Conversamos sobre as músicas do, em nossa opinião, maior compositor do país. Quais as mais geniais, as mais sensíveis, as mais líricas.
Ele indagou:
– Sei que é difícil, mas se você tiver que escolher uma entre todas, qual é a sua preferida?
Pensei em cantarolar:
– Jesus Cristo, Jesus Cristo, Jesus Cristo, eu estou aqui…
Controlei-me.
Respirei fundo. E disse:
– A Praça!
Antes que ele reagisse, acrescentei, como se expusesse ao vivo os malditos rostinhos e expressões “rsrsrs” e “ha-ha-ha-has” do texto escrito:
– Estou brincando. Sei que o Chico fez a “A Banda”, que é linda, mas não é a minha preferida; e que “A Praça”, que é bem inferior, embora também alegre e bonita, foi composta pelo Carlos Imperial e interpretada pelo Ronnie Von.
Ele sorriu e começou a cantar, baixinho:
– Hoje eu acordei com saudades de você…
Cantarolei junto:
– Beijei aquela foto que você me ofertou. Sentei naquele banco da pracinha só porque foi lá que começou o nosso amor. Senti que os passarinhos todos me reconheceram e eles entenderam toda a minha solidão. Ficaram tão tristonhos que até emudeceram. Aí então eu fiz esta canção: a mesma praça, o mesmo banco, as mesmas flores e o mesmo jardim. Tudo é igual, mas estou triste, porque não tenho você perto de mim…

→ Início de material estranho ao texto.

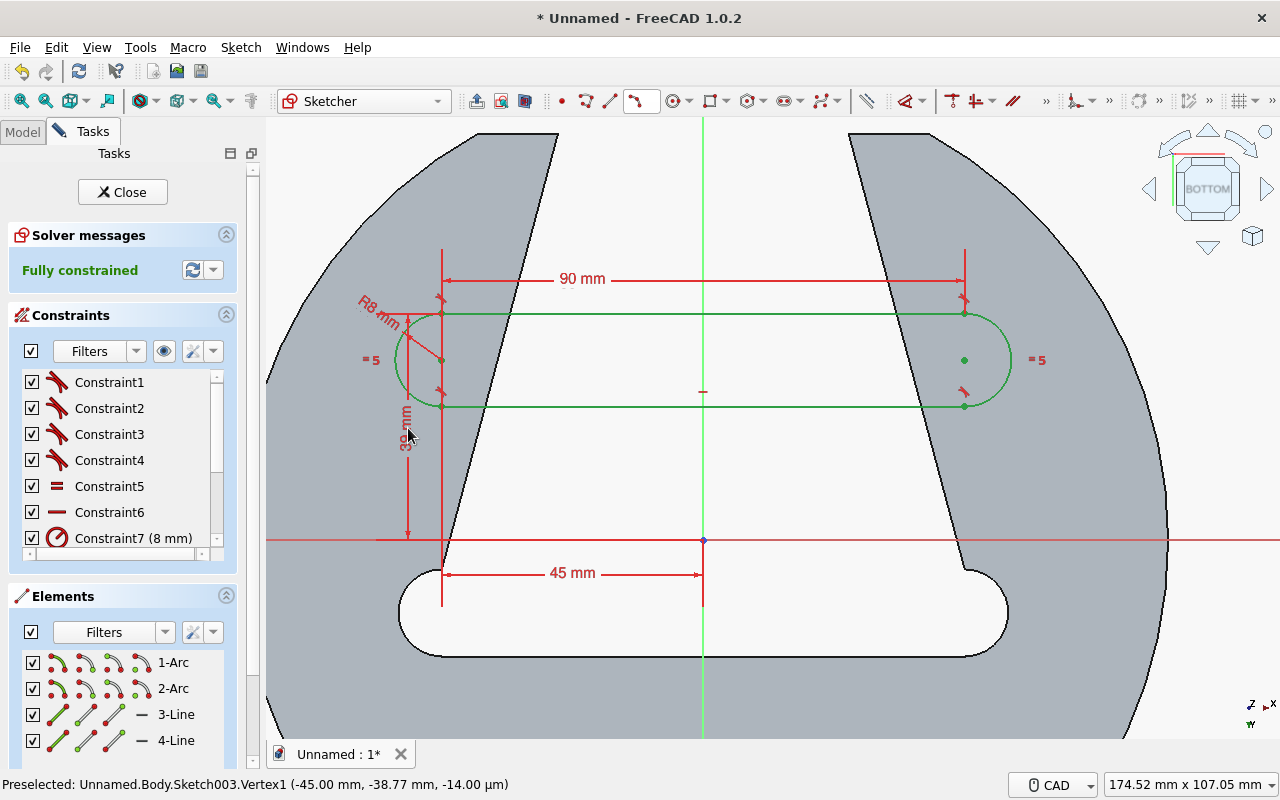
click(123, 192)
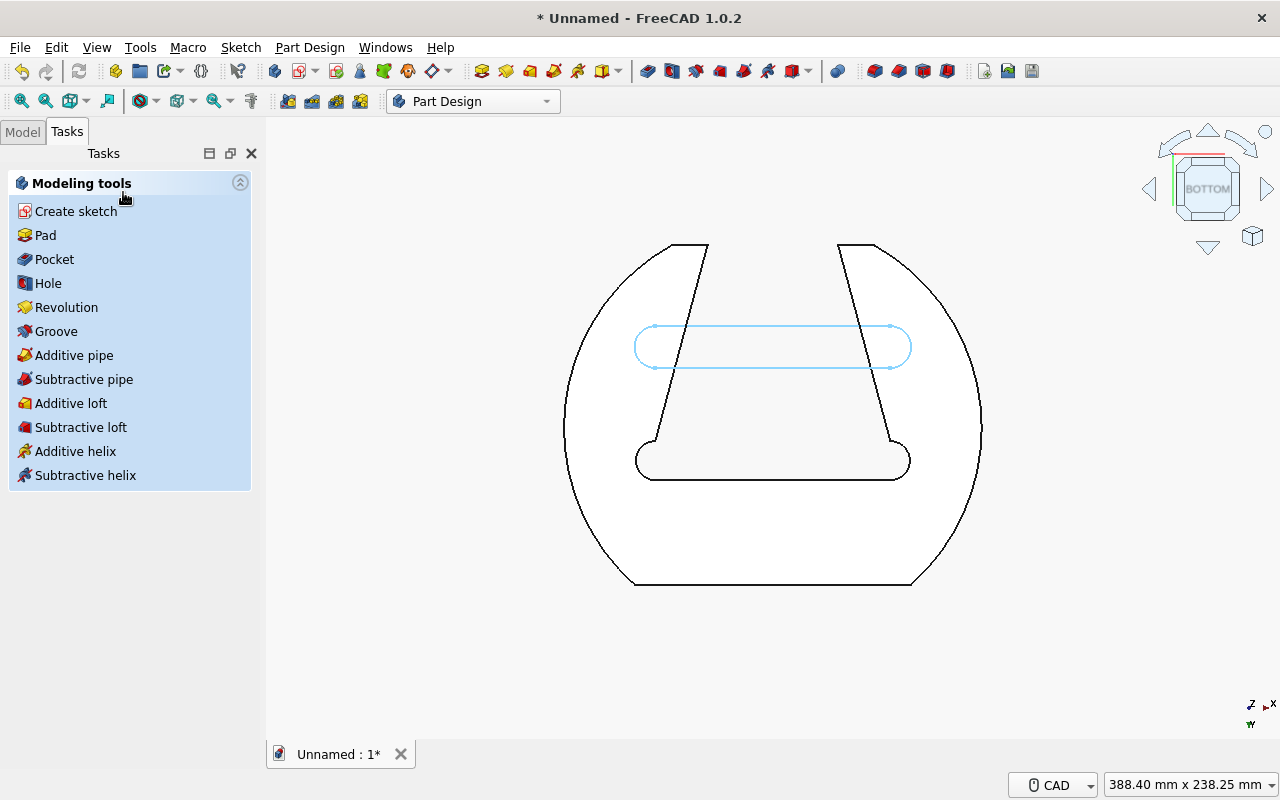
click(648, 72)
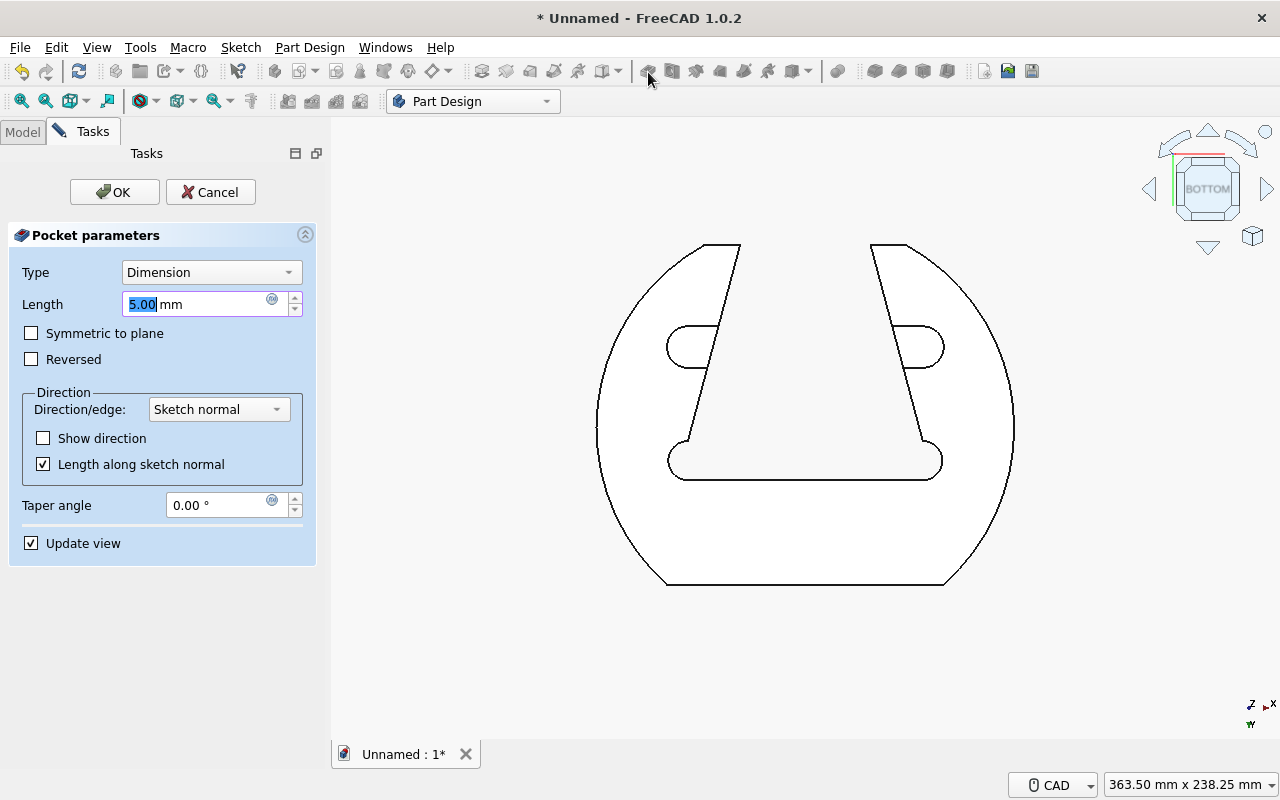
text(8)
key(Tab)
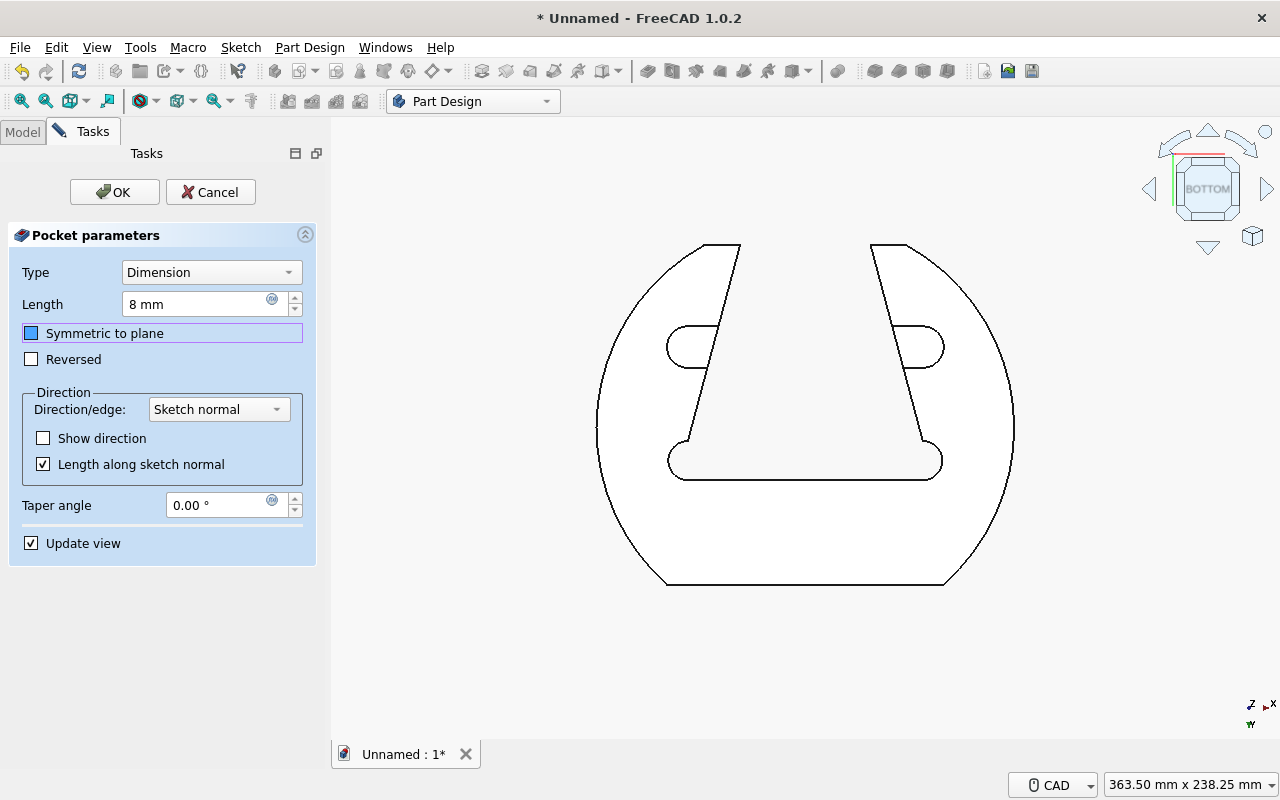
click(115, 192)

Pensei. Esse é o leitor que vou imaginar quando escrevo. Não nas redes, mas na coluna da Sler. De uma maneira geral, vou escrever o que penso e sinto. Oxalá as pessoas entendam e gostem.
Ele perguntou:
– Mas falando sério, qual é a música que você mais gosta do Chico?
Citei uma música que não é a melhor nem a mais genial do Chico, mas que hoje é a que mais me emociona: “Maninha”.
– Se lembra do futuro que a gente combinou, Que a gente combinou? Eu era tão criança e ainda sou; Querendo acreditar que o dia vai raiar, Só porque uma cantiga anunciou…”
Caro amigo da livraria, caro leitor, cara leitora aqui da “Sler”, são tantas pancadas, perdas e decepções na vida que luto muito, luto todo o tempo para seguir acreditando no que aprendi nas cantigas da infância, no que aprendi com “Flicts” de Ziraldo, com o humor judaico que me acompanha e ensina desde sempre: sim, a vida é boa e bela e acabará bem. Vale a pena acreditar e investir no amor e no humor.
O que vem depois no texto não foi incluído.